- **RECORDED INFORMATION**:
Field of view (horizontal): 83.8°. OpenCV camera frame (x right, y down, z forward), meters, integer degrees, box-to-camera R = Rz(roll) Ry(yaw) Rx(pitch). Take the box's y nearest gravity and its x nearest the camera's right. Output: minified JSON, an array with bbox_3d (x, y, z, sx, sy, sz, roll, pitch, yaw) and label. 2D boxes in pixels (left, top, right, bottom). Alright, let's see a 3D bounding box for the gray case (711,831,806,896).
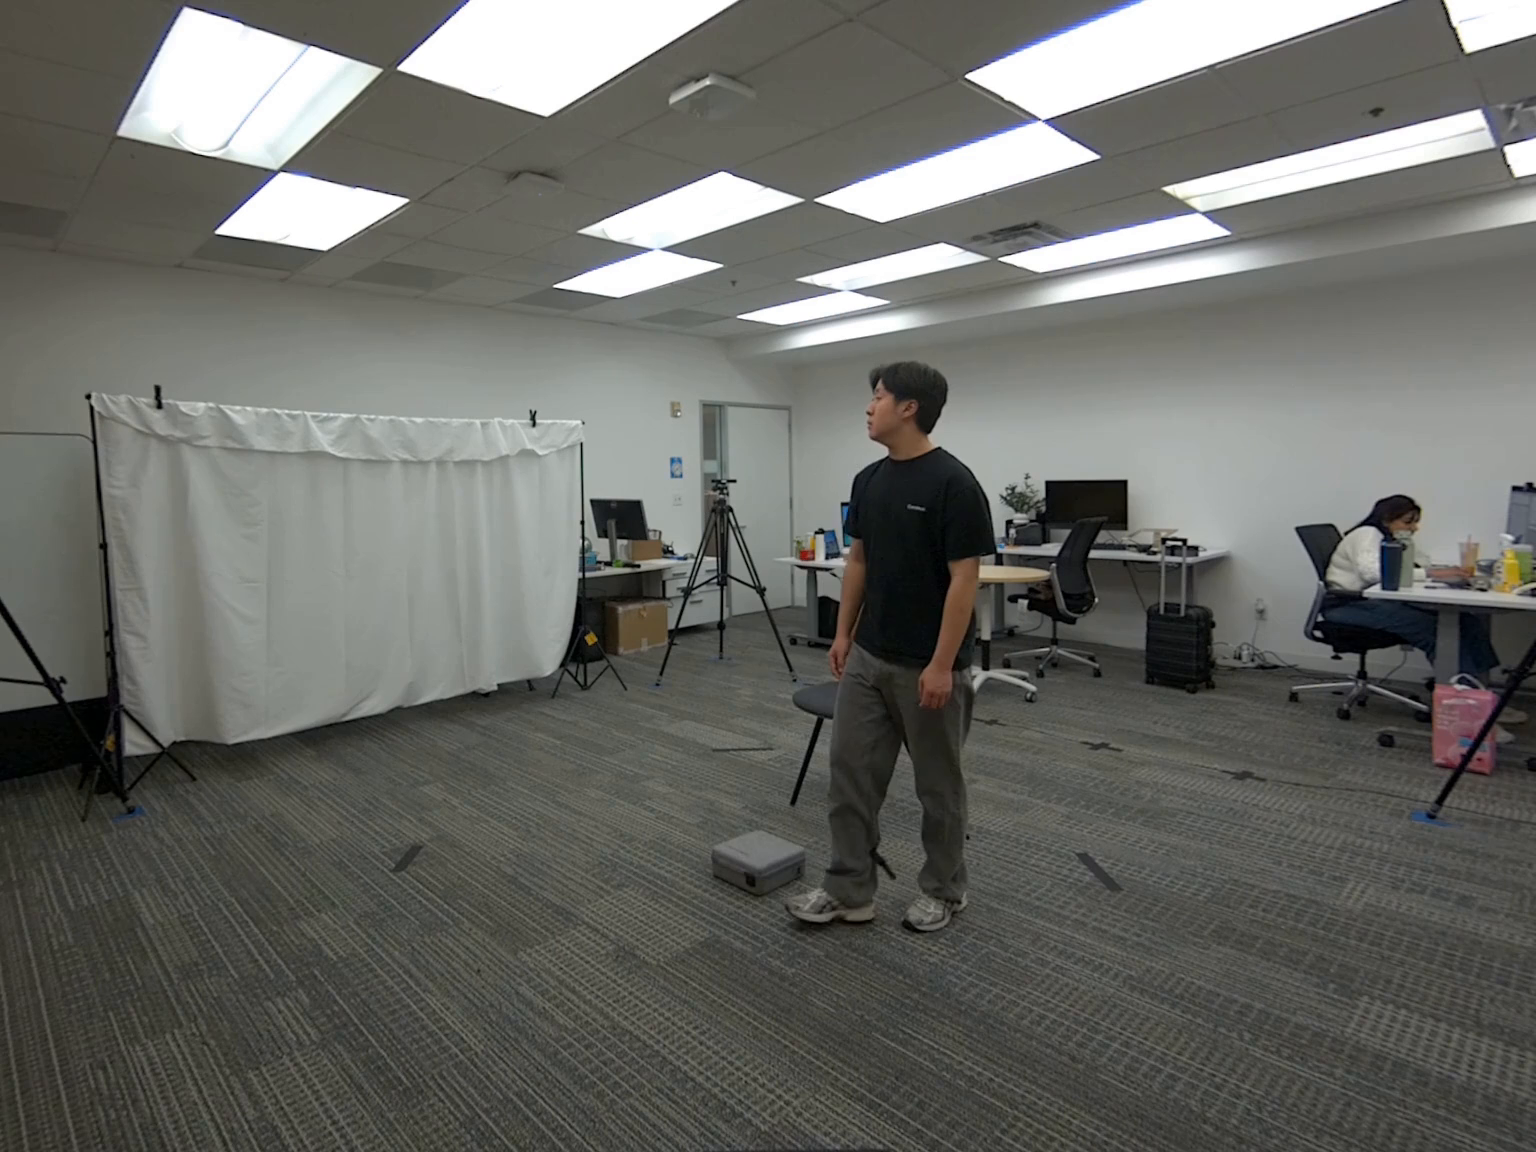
[{"bbox_3d":[-0.025,1.002,3.025,0.279,0.103,0.271,-5,7,-45],"label":"gray case"}]
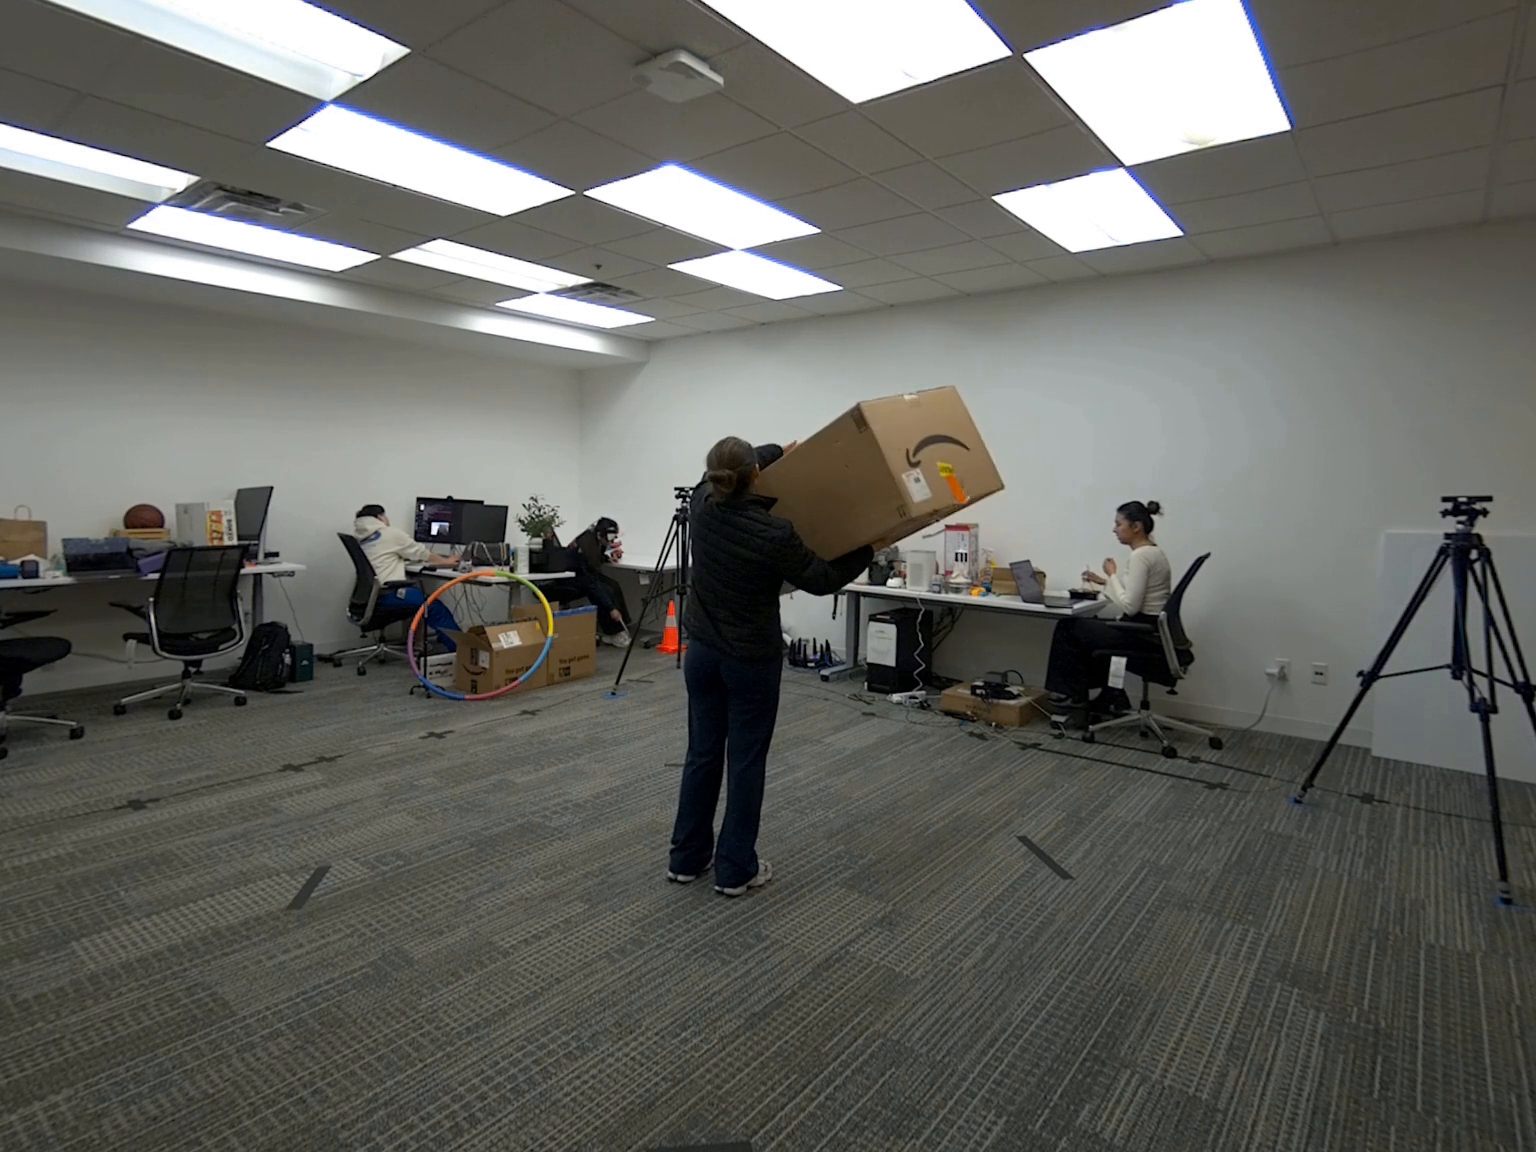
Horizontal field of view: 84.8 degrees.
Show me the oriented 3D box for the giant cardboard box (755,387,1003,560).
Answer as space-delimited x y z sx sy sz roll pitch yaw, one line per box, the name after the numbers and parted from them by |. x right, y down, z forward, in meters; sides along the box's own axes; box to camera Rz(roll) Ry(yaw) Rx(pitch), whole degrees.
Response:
0.282 -0.273 3.314 0.565 0.430 1.038 -18 -8 -41 | giant cardboard box

- **WORK REQUIRED**:
Every record gets retyped exactly; no picture goes into the copy.

- **ANSWER TO THE PROBLEM**:
Field of view (horizontal): 83.8°. OpenCV camera frame (x right, y down, z forward), meters, integer degrees, box-to-camera R = Rz(roll) Ry(yaw) Rx(pitch). Take the box's y nearest gravity and its x nearest the camera's right. Output: minified JSON, an array with bbox_3d (x, y, z, sx, sy, sz, roll, pitch, yaw) and label. 2D boxes in pixels (left, top, right, bottom). Alright, let's see a 3D bounding box for the gray case (711,831,806,896).
[{"bbox_3d":[-0.025,1.002,3.025,0.279,0.103,0.271,-5,7,-45],"label":"gray case"}]
Horizontal field of view: 84.8 degrees.
Show me the oriented 3D box for the giant cardboard box (755,387,1003,560).
Answer as space-delimited x y z sx sy sz roll pitch yaw, one line per box, the name after the numbers and parted from them by |. x right, y down, z forward, in meters; sides along the box's own axes; box to camera Rz(roll) Ry(yaw) Rx(pitch), whole degrees.
Response:
0.282 -0.273 3.314 0.565 0.430 1.038 -18 -8 -41 | giant cardboard box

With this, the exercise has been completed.